** Aim of the exercise **
From the first line of the entries through the line containing "subtitle 4. Consultatie [422, 221, 1087, 243]", output everything exactly except the pictures.

** Data to examine **
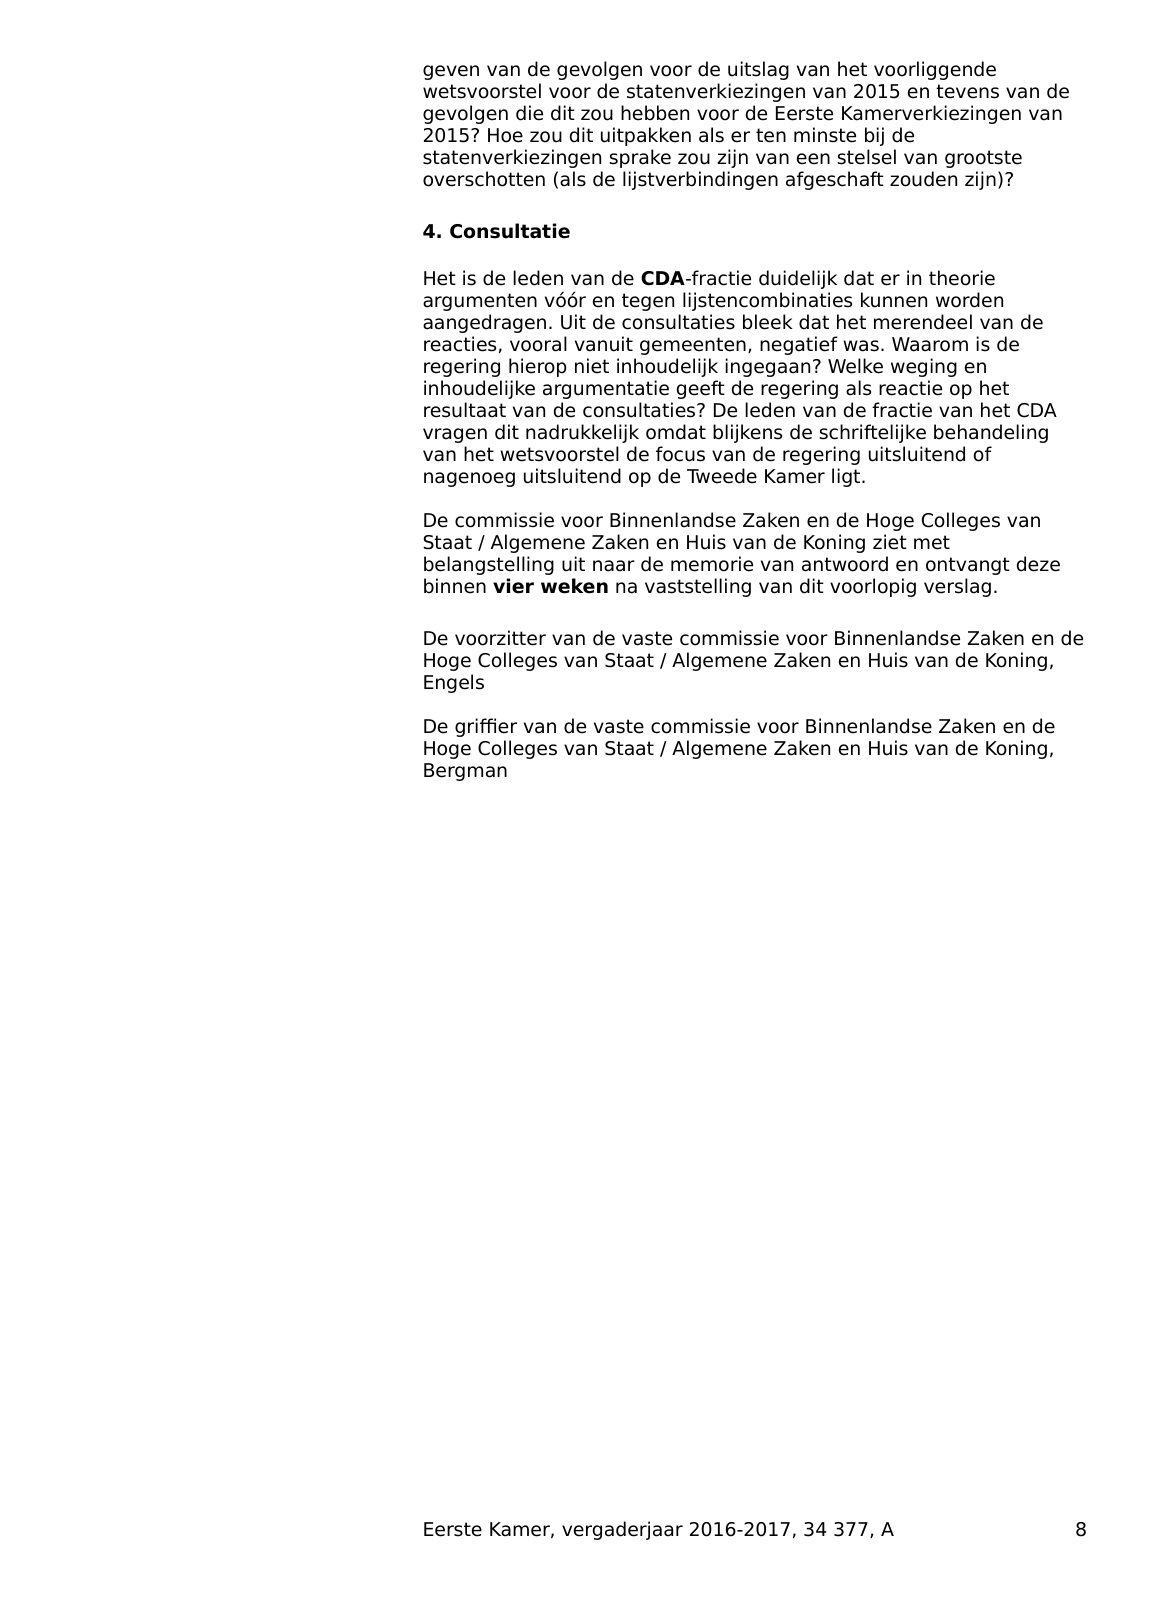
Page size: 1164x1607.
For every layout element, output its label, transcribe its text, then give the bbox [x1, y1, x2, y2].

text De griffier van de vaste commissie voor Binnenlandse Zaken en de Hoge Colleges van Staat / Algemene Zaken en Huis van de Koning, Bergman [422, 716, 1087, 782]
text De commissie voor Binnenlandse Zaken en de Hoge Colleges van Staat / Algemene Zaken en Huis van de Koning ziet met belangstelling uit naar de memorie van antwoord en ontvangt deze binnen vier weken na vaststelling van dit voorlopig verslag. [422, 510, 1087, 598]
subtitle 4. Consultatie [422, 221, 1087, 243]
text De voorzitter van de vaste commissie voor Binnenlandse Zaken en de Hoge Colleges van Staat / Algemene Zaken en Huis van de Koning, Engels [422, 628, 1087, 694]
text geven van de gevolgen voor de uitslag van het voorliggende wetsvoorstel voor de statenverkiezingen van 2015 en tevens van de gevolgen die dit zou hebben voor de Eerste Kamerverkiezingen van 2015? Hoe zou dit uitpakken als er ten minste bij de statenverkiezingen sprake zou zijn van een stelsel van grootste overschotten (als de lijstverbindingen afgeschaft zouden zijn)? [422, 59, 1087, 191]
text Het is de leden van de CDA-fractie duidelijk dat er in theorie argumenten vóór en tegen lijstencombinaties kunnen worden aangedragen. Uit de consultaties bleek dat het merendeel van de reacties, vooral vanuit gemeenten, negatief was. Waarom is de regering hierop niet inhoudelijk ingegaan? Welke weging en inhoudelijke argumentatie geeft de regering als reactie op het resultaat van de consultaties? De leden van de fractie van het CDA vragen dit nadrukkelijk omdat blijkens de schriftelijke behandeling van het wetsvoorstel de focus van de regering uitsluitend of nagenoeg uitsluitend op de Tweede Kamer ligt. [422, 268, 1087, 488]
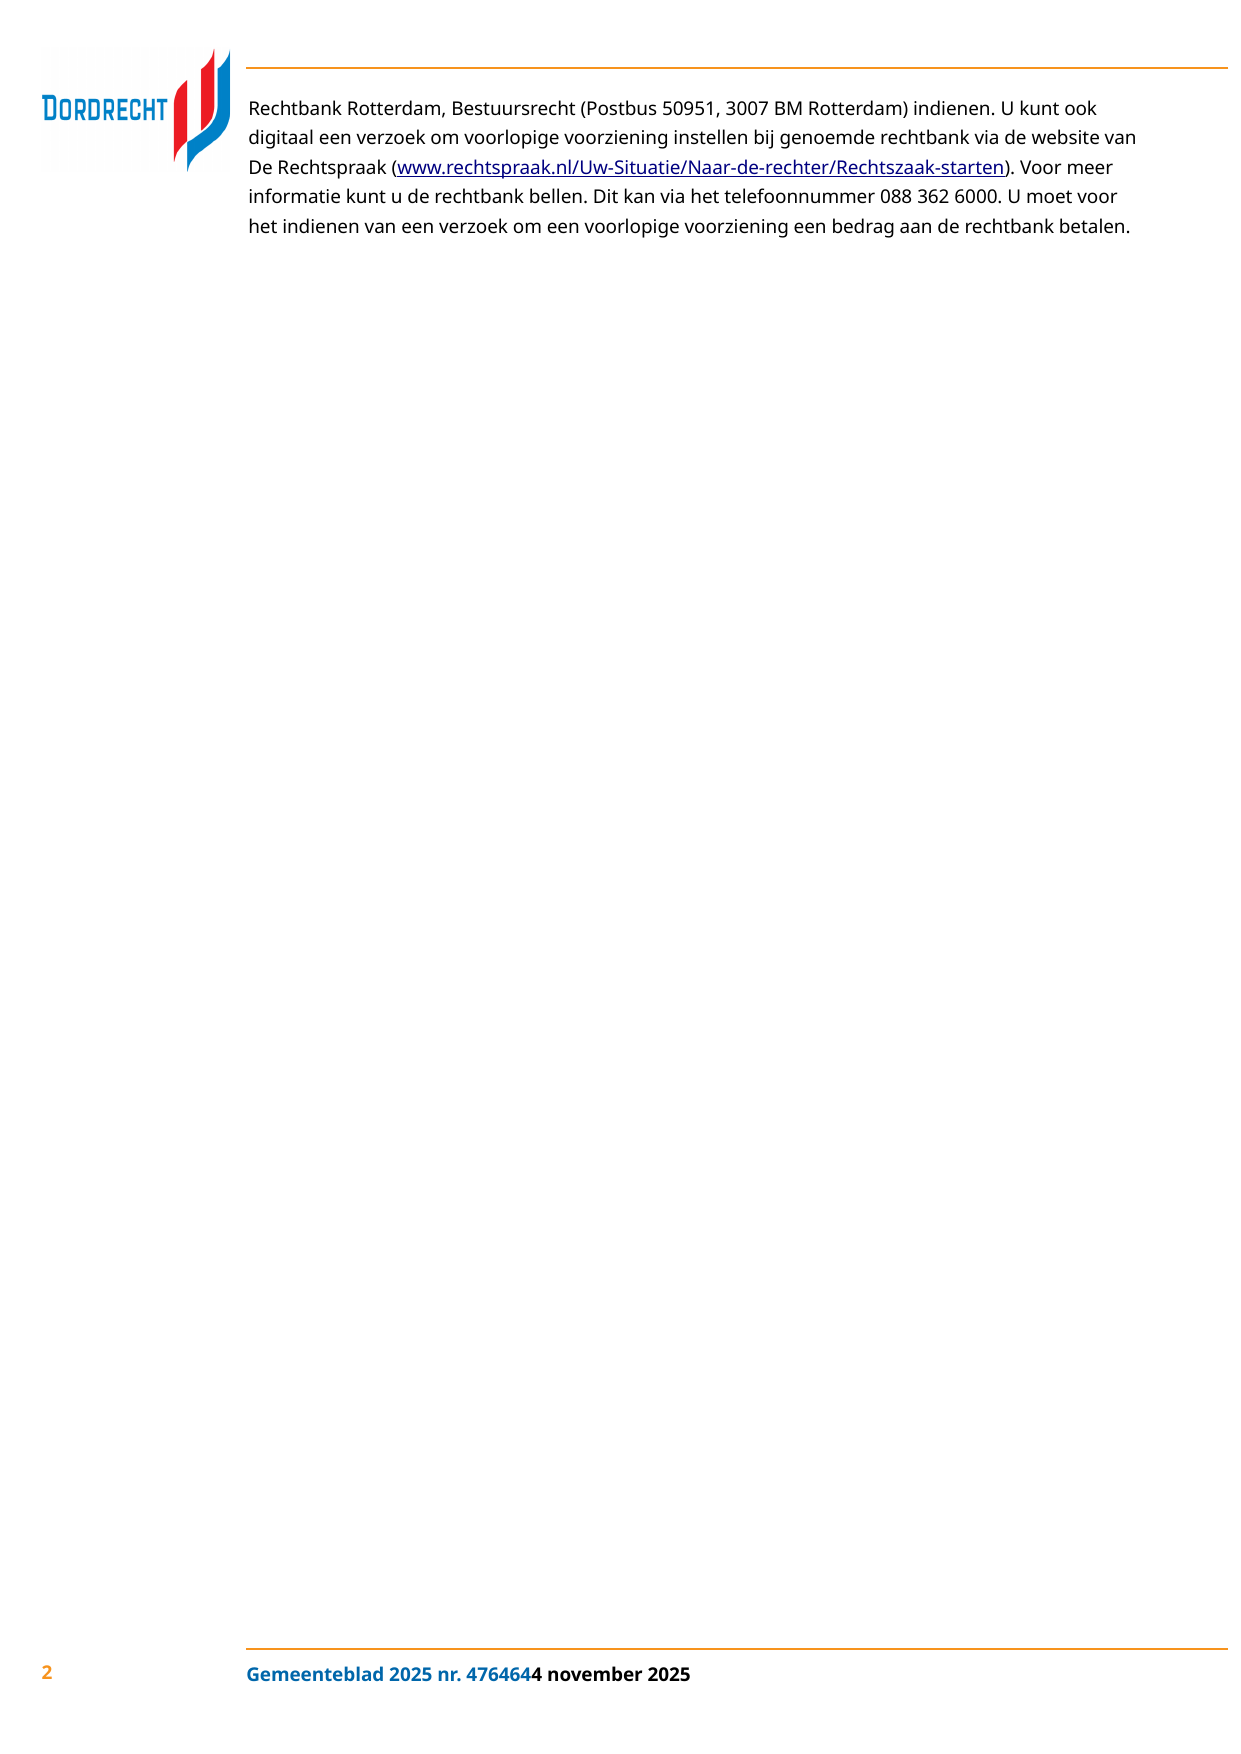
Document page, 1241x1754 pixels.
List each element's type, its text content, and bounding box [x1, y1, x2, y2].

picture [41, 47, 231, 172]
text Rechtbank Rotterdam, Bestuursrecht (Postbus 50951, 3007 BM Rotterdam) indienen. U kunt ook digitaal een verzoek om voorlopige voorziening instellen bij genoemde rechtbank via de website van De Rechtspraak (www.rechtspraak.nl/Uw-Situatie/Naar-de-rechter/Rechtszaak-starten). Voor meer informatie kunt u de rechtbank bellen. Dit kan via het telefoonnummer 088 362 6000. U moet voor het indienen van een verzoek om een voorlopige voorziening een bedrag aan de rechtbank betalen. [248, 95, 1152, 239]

** Answer for this exercise **
Page size: 1164x1607.
For every layout element, output its label, transcribe its text, then give the bbox [x1, y1, x2, y2].

text De griffier van de vaste commissie voor Binnenlandse Zaken en de Hoge Colleges van Staat / Algemene Zaken en Huis van de Koning, Bergman [422, 716, 1087, 782]
text De commissie voor Binnenlandse Zaken en de Hoge Colleges van Staat / Algemene Zaken en Huis van de Koning ziet met belangstelling uit naar de memorie van antwoord en ontvangt deze binnen vier weken na vaststelling van dit voorlopig verslag. [422, 510, 1087, 598]
subtitle 4. Consultatie [422, 221, 1087, 243]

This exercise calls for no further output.